This document describes how to make use of external authentication sources (where the Web server sets the REMOTE_USER environment variable) in your Django applications. This type of authentication solution is typically seen on intranet sites, with single sign-on solutions such as IIS and Integrated Windows Authentication or Apache and mod_authnz_ldap, CAS, Cosign, WebAuth, mod_auth_sspi, etc.
When the Web server takes care of authentication it typically sets the REMOTE_USER environment variable for use in the underlying application. In Django, REMOTE_USER is made available in the request.META attribute. Django can be configured to make use of the REMOTE_USER value using the RemoteUserMiddleware and RemoteUserBackend classes found in django.contrib.auth.
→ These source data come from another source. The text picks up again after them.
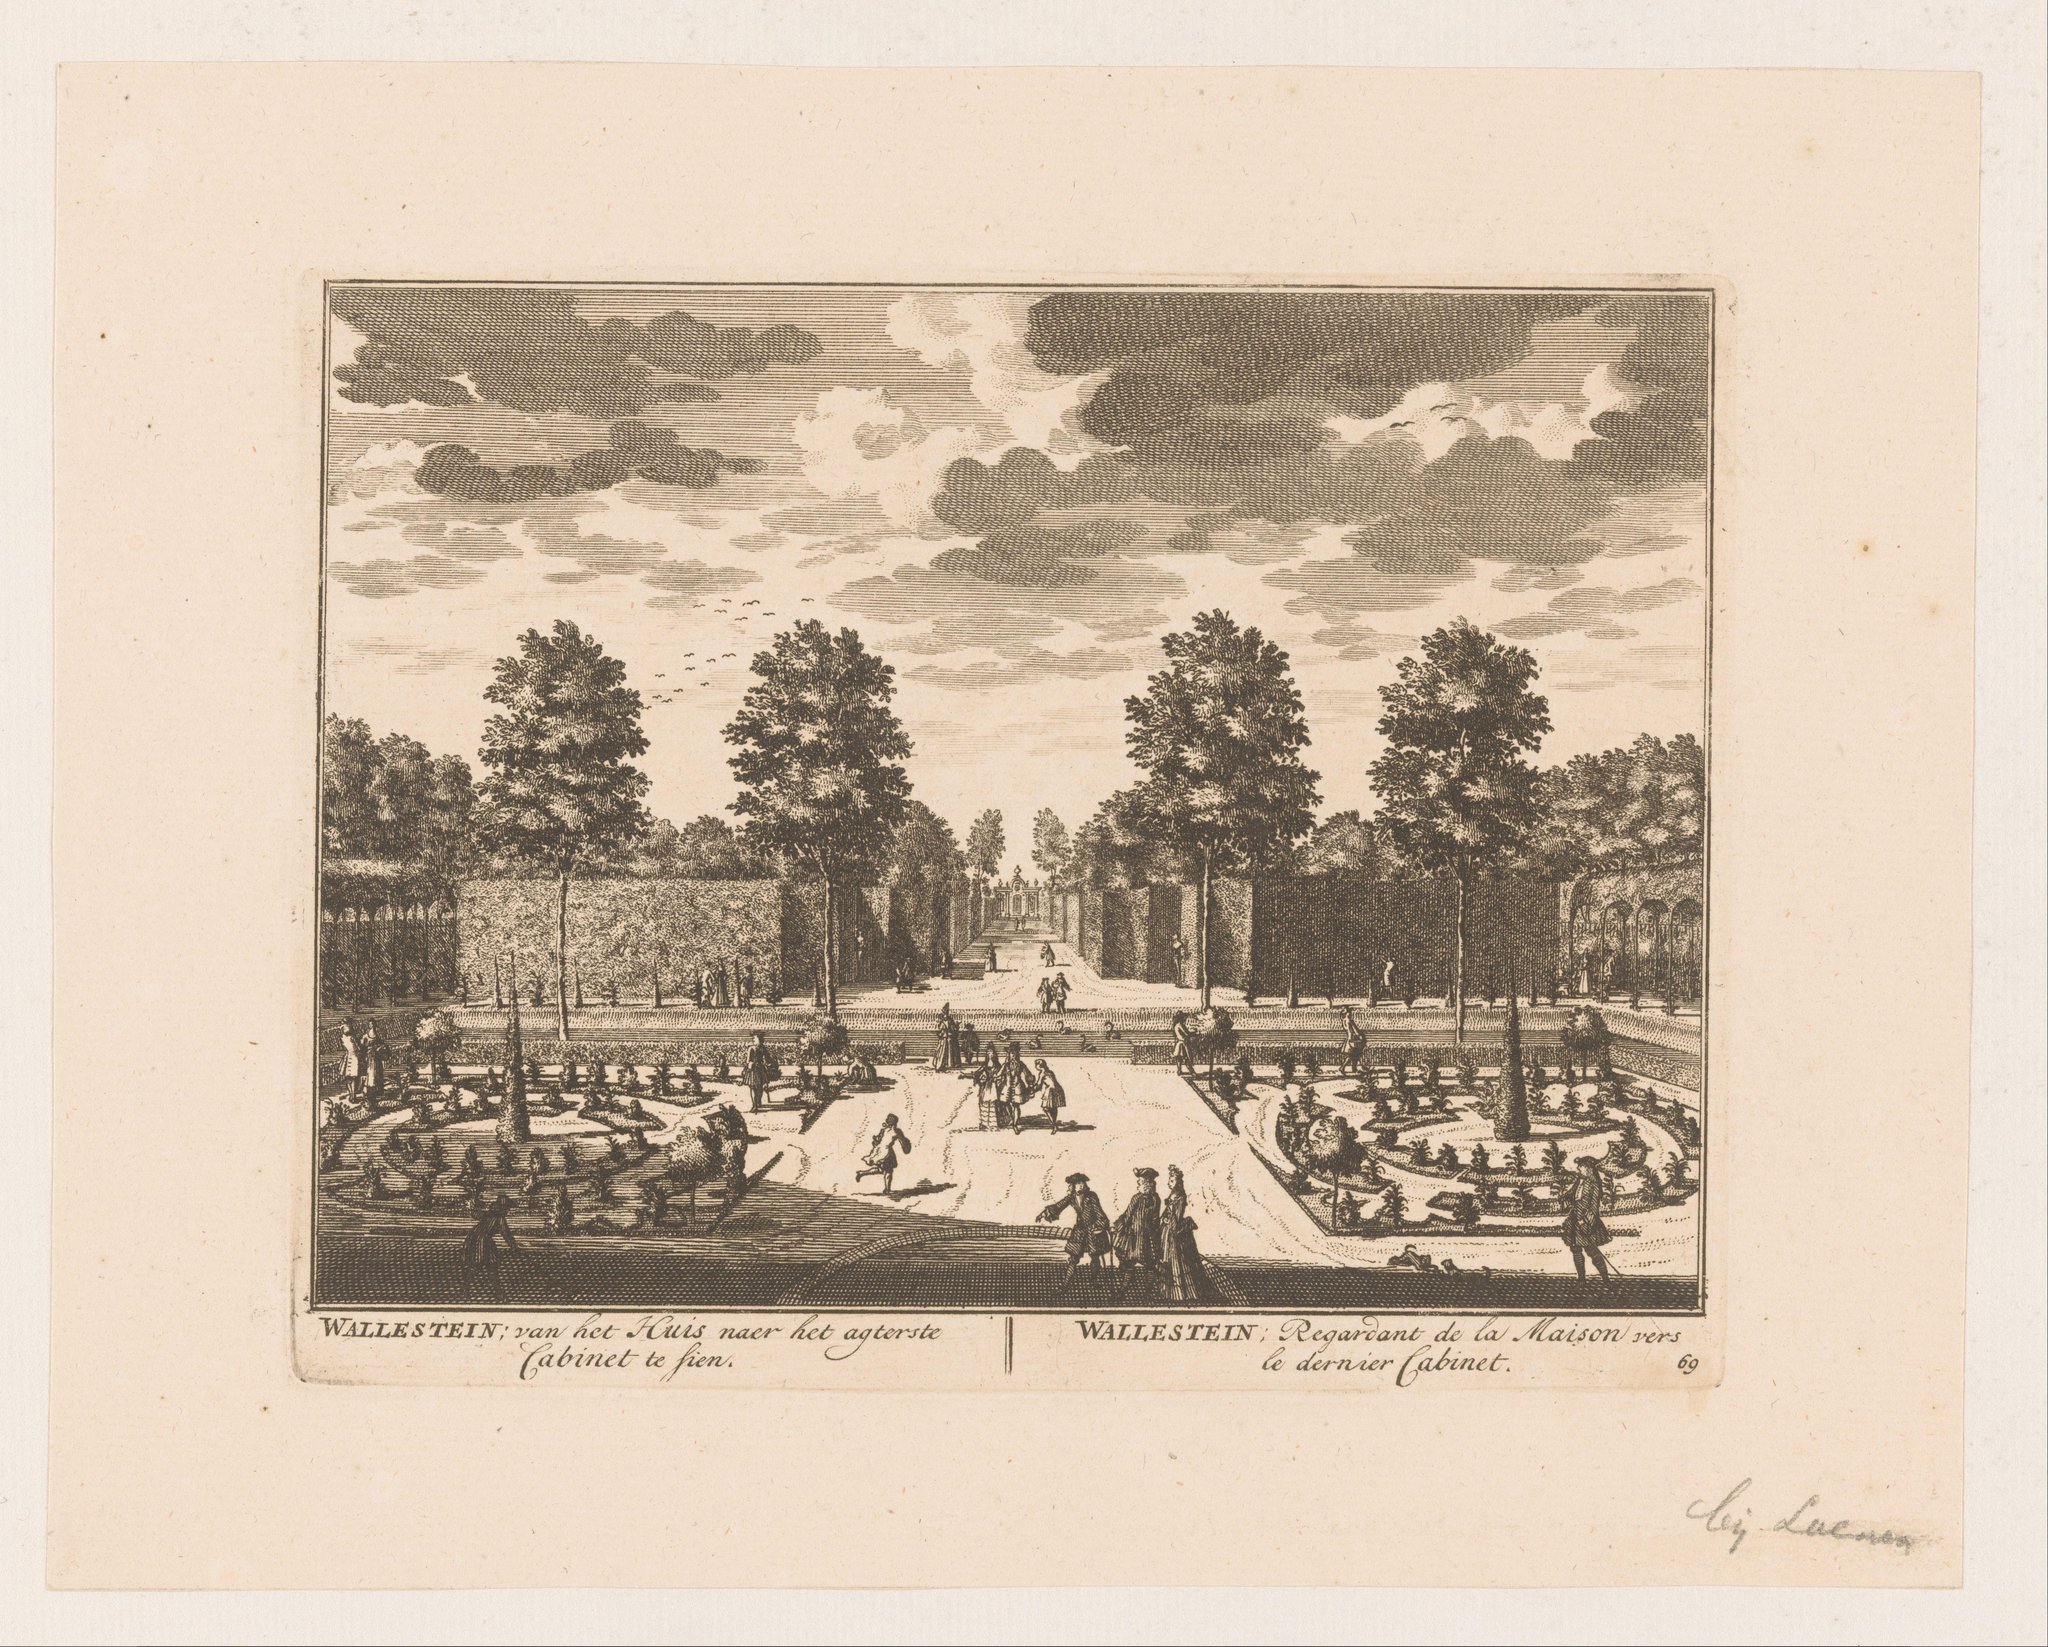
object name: print
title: Gezicht vanuit huis Wallestein richting tuin
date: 1719
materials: paper
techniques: etching
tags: rural housing, e.g. country-house, villa, cottage, french or architectonic garden; formal garden
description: Prent uit: De zegepraalende Vecht, vertoonende verscheidene gesichten van lustplaatsen, heeren huysen en dorpen, beginnende van Uitrecht en met Muyden besluytende. Amsterdam: Wed. Nicolaes Visscher, 1719.

First, you must add the django.contrib.auth.middleware.RemoteUserMiddleware to the MIDDLEWARE_CLASSES setting after the django.contrib.auth.middleware.AuthenticationMiddleware:
MIDDLEWARE_CLASSES = (
...
'django.contrib.auth.middleware.AuthenticationMiddleware',
'django.contrib.auth.middleware.RemoteUserMiddleware',
...
)
Next, you must replace the ModelBackend with RemoteUserBackend in the AUTHENTICATION_BACKENDS setting:
AUTHENTICATION_BACKENDS = (
'django.contrib.auth.backends.RemoteUserBackend',
)
With this setup, RemoteUserMiddleware will detect the username in request.META['REMOTE_USER'] and will authenticate and auto-login that user using the RemoteUserBackend.
Note
Since the RemoteUserBackend inherits from ModelBackend, you will still have all of the same permissions checking that is implemented in ModelBackend.
If your authentication mechanism uses a custom HTTP header and not REMOTE_USER, you can subclass RemoteUserMiddleware and set the header attribute to the desired request.META key. For example:
from django.contrib.auth.middleware import RemoteUserMiddleware
class CustomHeaderMiddleware(RemoteUserMiddleware):
header = 'HTTP_AUTHUSER'
If you need more control, you can create your own authentication backend that inherits from RemoteUserBackend and overrides certain parts:
Performs any cleaning on the username (e.g. stripping LDAP DN information) prior to using it to get or create a User object. Returns the cleaned username.
Configures a newly created user. This method is called immediately after a new user is created, and can be used to perform custom setup actions, such as setting the user’s groups based on attributes in an LDAP directory. Returns the user object.